Improving Spatial Transcriptomics Prediction With Hybrid State Space-Vision Transformer Backbone in Pathology Vision Foundation Models

Motivation Spatial Transcriptomics (ST) links gene expression profiles to spatial locations within a tissue section, typically visualized through a co-registered Hematoxylin & Eosin (H&E) Whole Slide Image (WSI). While ST holds immense potential for precision medicine, its clinical deployment is hindered by high costs and a lack of standardized protocols. Consequently, recent works leverage pathology Vision Foundation Models (VFMs) to train downstream ST prediction models from H&E WSIs. However, current VFMs based on Vision Transformers (ViT) exhibit suboptimal performance, particularly on colorectal cancer (CRC) biomarker prediction.
Method & Architecture To resolve this limitation, we investigate whether altering the backbone architecture can improve biomarker prediction by analyzing frequency biases. We propose MV Hybrid, a novel architecture incorporating a hybrid State Space-Vision Transformer backbone. Built on the assumption that biomarkers hidden in H&E WSIs are predominantly low frequency, we utilize State Space Models (SSMs) whose negative, real eigenvalues provide a higher bias for learning diverse low-frequency features. MV Hybrid integrates elements such as MambaVision blocks, EinFFT, and attention mechanisms within its sequence mixing and channel mixing layers. For evaluation, models were pretrained on an identical dataset of 756k CRC patches using the DINOv2 self-supervised learning method, and benchmarks were conducted using HEST-Benchmark and HEST-Extended datasets via Ridge Regression.
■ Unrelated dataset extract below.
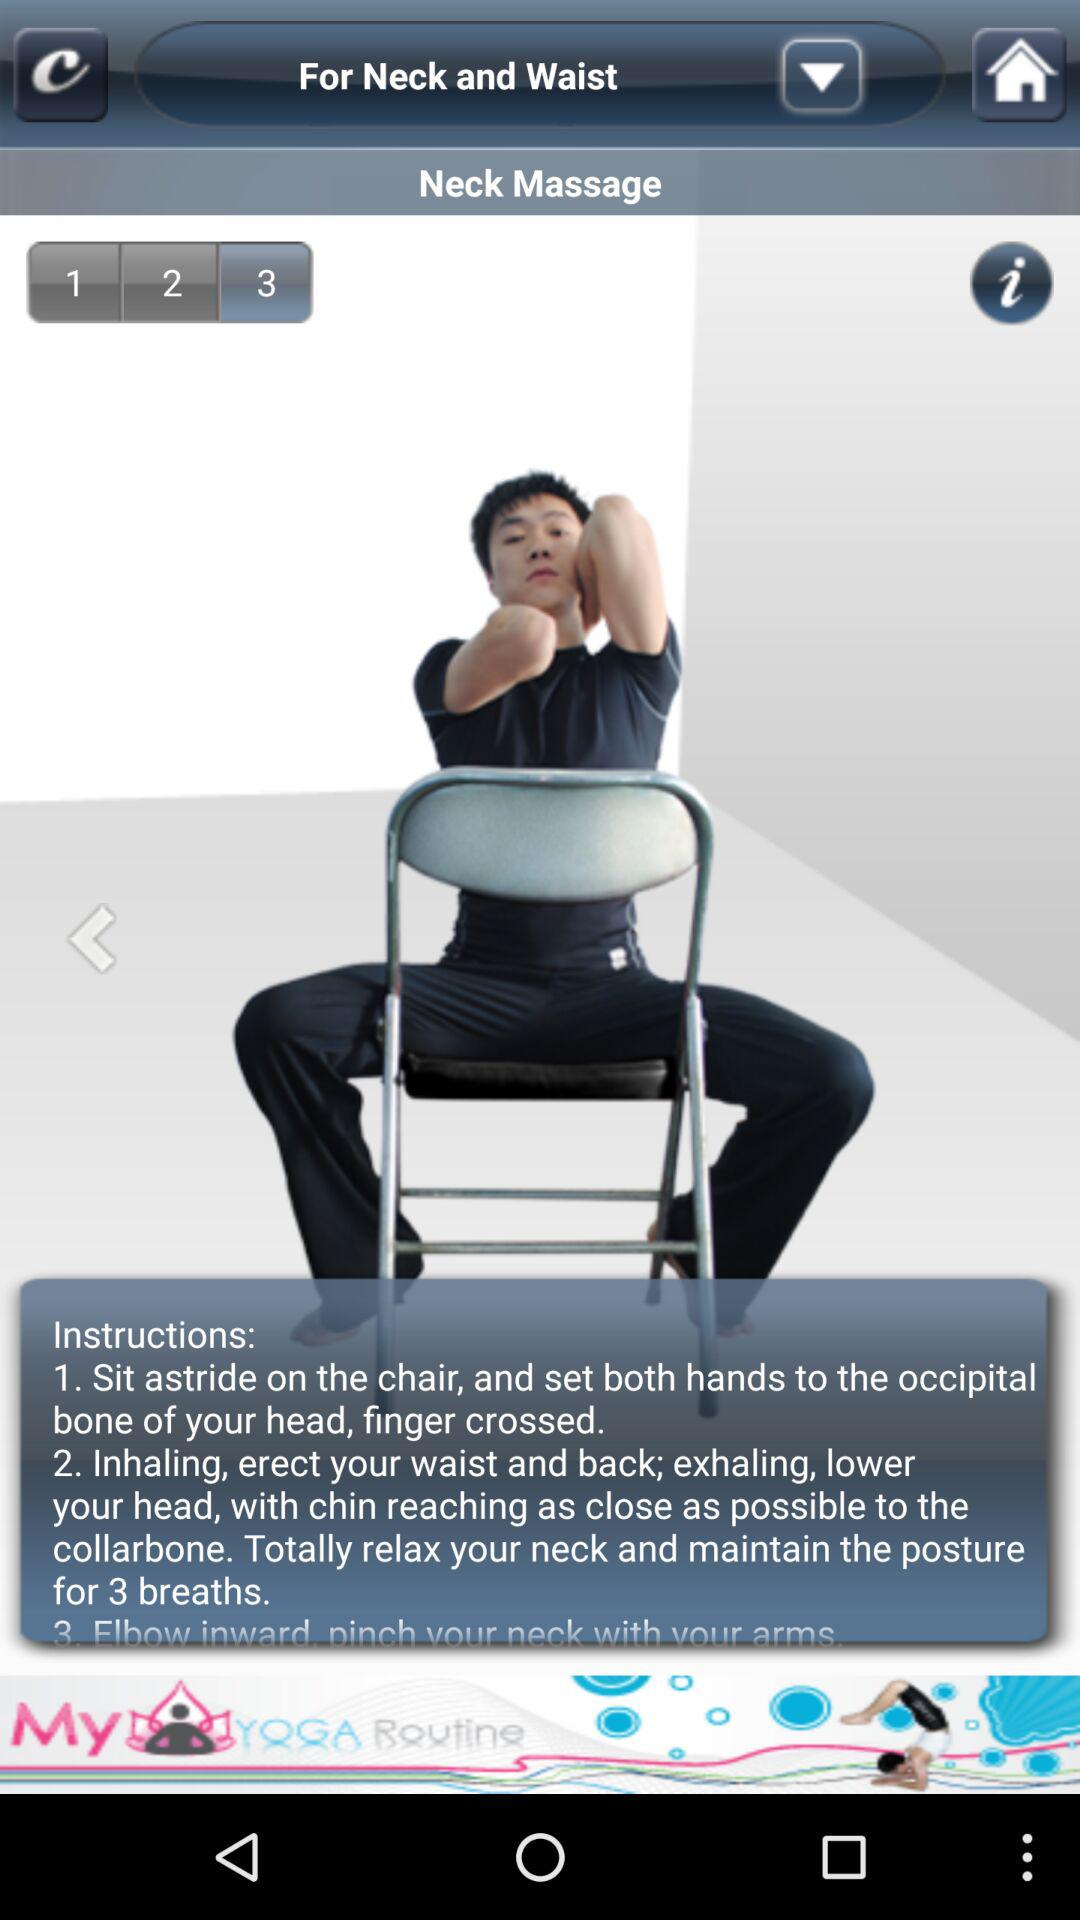What type of massage is this? It is neck massage. 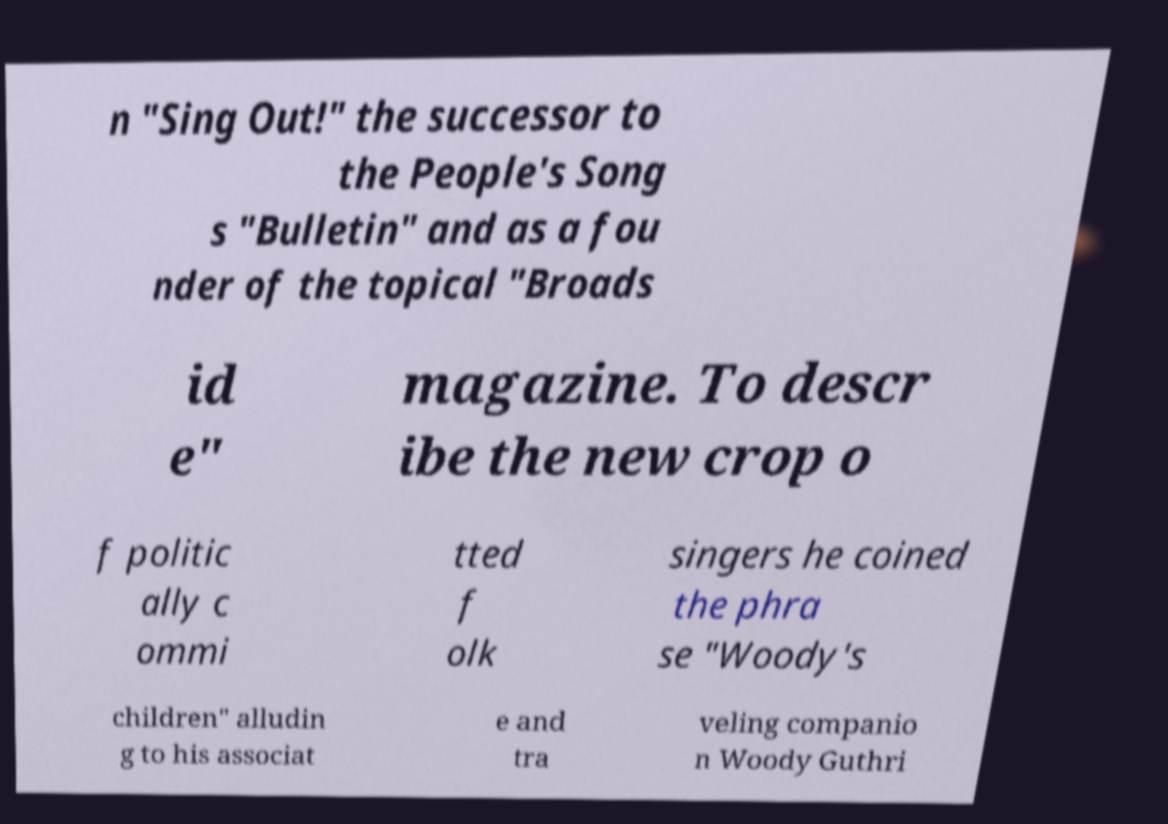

Results & Discussion The proposed MV Hybrid demonstrated superior performance and robustness in predicting gene expressions compared to conventional ViT and other SSM-based baselines (such as Vim and Hydra). In a qualitative CRC H&E WSI example predicting CLCA1 expression (a tumor suppressor downregulated in malignant polyps), MV Hybrid achieved a Pearson Correlation Coefficient (PCC) of 0.422, significantly outperforming the ViT baseline which scored a PCC of 0.264.
Conclusion Compared to ViT, MV Hybrid enhances the quality of VFM embeddings by strategically analyzing and capturing essential frequency biases, thereby significantly improving CRC biomarker prediction ability and robustness. Since numerous clinically applicable tasks—including survival prediction, subtype classification, and multimodal models—rely heavily on VFM embeddings, they stand to benefit substantially from the MV Hybrid framework.